Secondary pattern	보조 기능군도 패턴 1개만 약하게 붙인다.	보조 기능군은 full replacement가 아니라 약한 modulation으로만 작동한다.
Overt action	overt action은 허용된 패턴에서만 사용한다.	모든 반응 시점에 action episode가 남용되지 않도록 제한한다.
Self-regulation	self-regulation은 별도 interrupt layer로 평가한다.	기본 반응 패턴과 분리된 독립 event로 삽입할 수 있다.

Engine Pipeline Overview

발표 내용 기반 청중 반응 생성 엔진은 STT 텍스트, 누적 문맥, 슬라이드 정보, 그리고 발표 순서 정보를 입력으로 받아 발표 단계 추론, appraisal 평가, 기능군 선택, 패턴 선택, 채널 채움의 순서로 반응을 생성한다.

Step	Operation	Input	Output
1	STT chunking	발표 음성	current utterance text chunk, chunk timestamp, accumulated context
2	Stage inference	current text + accumulated context + slide / order cue	predicted stage, stage confidence, optional secondary stage
3	Stage prior loading	predicted stage	stage-specific appraisal objective prior
4	Appraisal scoring	current utterance + context + appraisal questions	appraisal vector (0–1)
5	Functional weighting	appraisal vector + stage prior	function-group weight distribution
6	Function-group selection	function-group weights + compatibility constraints	primary function group + optional secondary function group
7	Primary pattern selection	stage + appraisal result + content feature + recent response history	primary pattern
8	Channel realization	selected pattern	body, gaze, core head, facial state, optional head / action / facial detail
9	Secondary modulation	secondary function group	partial channel modulation without full pattern replacement
10	Interrupt insertion	self-regulation evaluation	independent self-regulation event if needed

Function Group Selection Rules

기능군 선택은 appraisal vector와 stage prior를 결합해 산출한 가중치를 바탕으로 수행한다. 이때 주 기능군은 하나만, 보조 기능군은 최대 하나만 허용한다.

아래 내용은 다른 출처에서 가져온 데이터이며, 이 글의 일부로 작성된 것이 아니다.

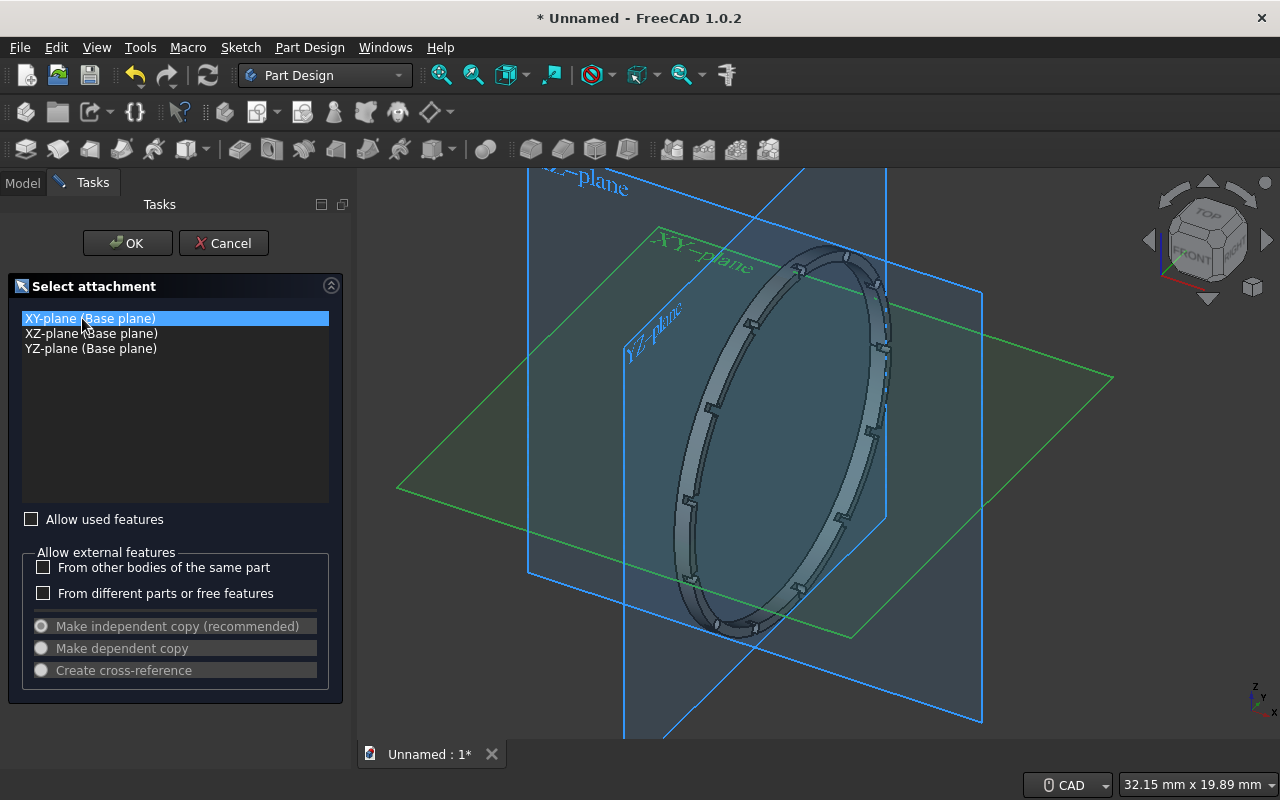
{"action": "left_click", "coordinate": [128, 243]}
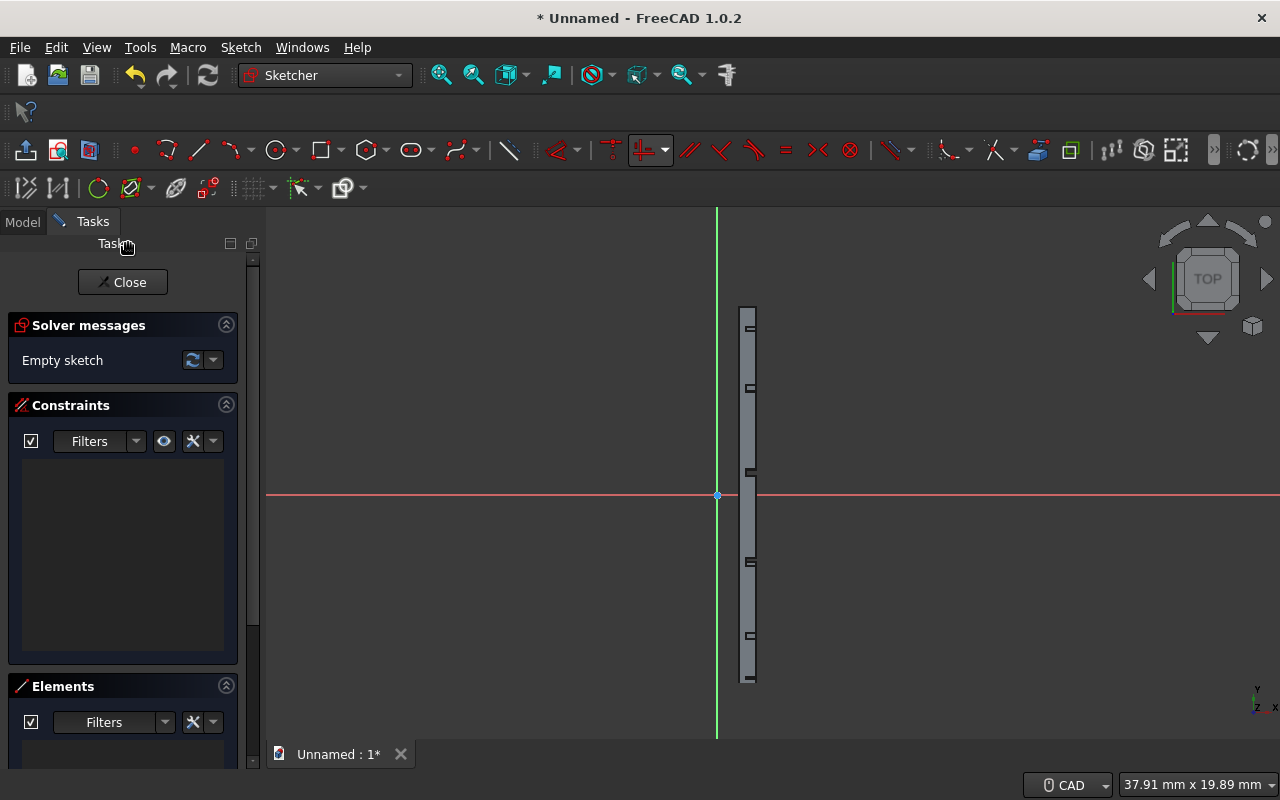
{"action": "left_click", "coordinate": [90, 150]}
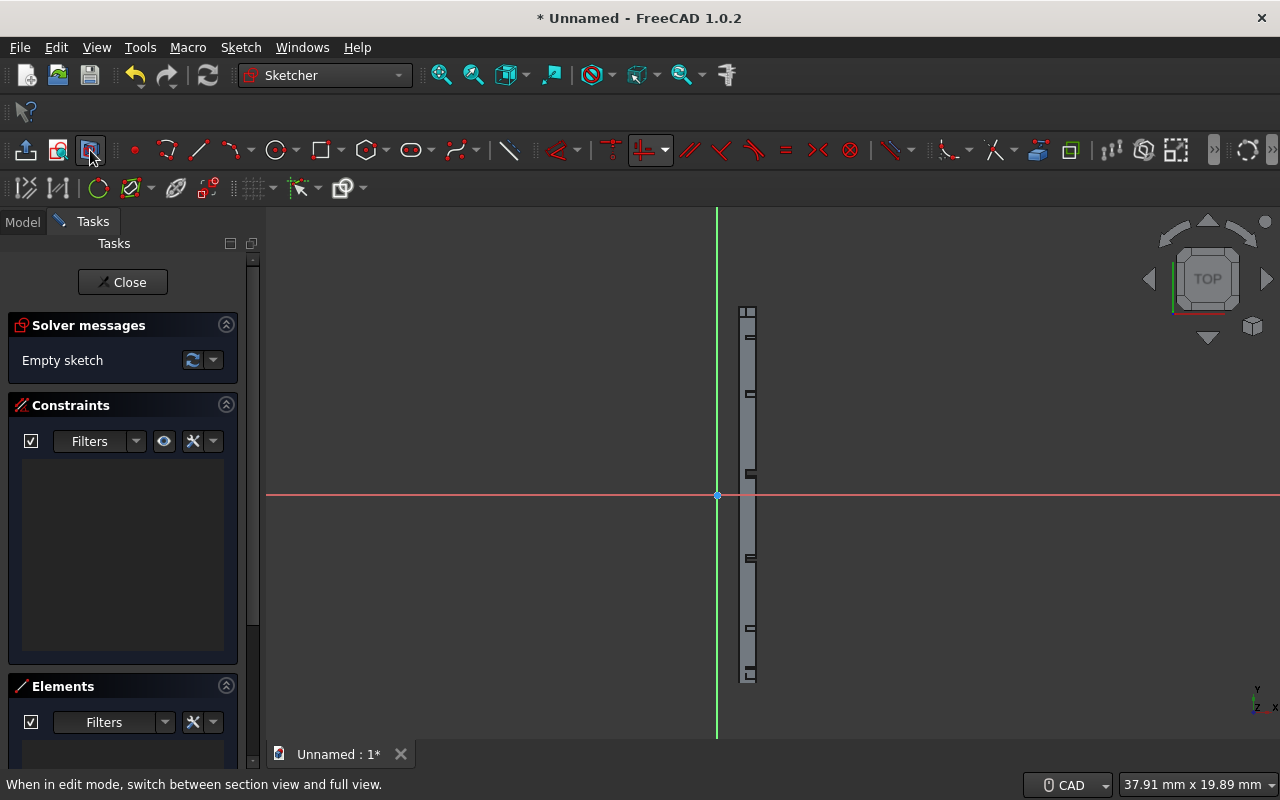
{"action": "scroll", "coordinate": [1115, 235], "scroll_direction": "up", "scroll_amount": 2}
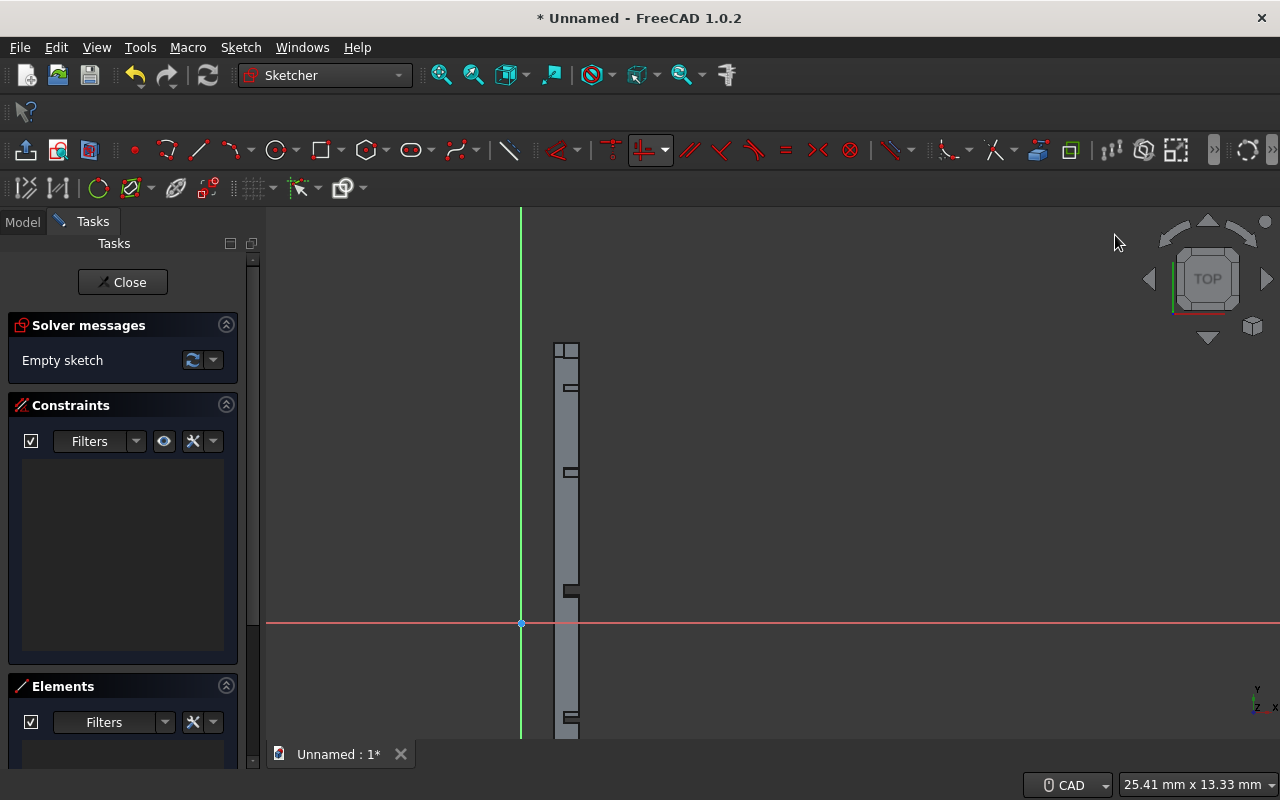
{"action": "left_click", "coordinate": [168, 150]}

Selection Target	Rule	Threshold / Constraint	Operational Consequence
Primary function group	가장 높은 가중치를 가진 기능군을 선택한다.	argmax after compatibility filtering	현재 시점의 중심 반응 방향을 결정한다.
Secondary function group	임계값 이상이며 주 기능군과 양립 가능한 기능군 1개만 선택한다.	weight ≥ secondary threshold	보조 기능군은 약한 modulation source로만 작동한다.
Incompatible group pair	양립 불가능한 기능군은 동시에 선택하지 않는다.	compatibility table reference	상충되는 반응 태도가 동시에 출력되지 않도록 한다.
No valid secondary	조건을 만족하는 보조 기능군이 없으면 주 기능군만 유지한다.	no compatible candidate above threshold	불필요한 modulation을 생략한다.

Pattern Realization Schema

선택된 pattern은 채널 수준에서 실현된다. 이때 모든 pattern은 필수 채널을 가져야 하며, 선택 채널은 조건 또는 확률에 따라 추가된다.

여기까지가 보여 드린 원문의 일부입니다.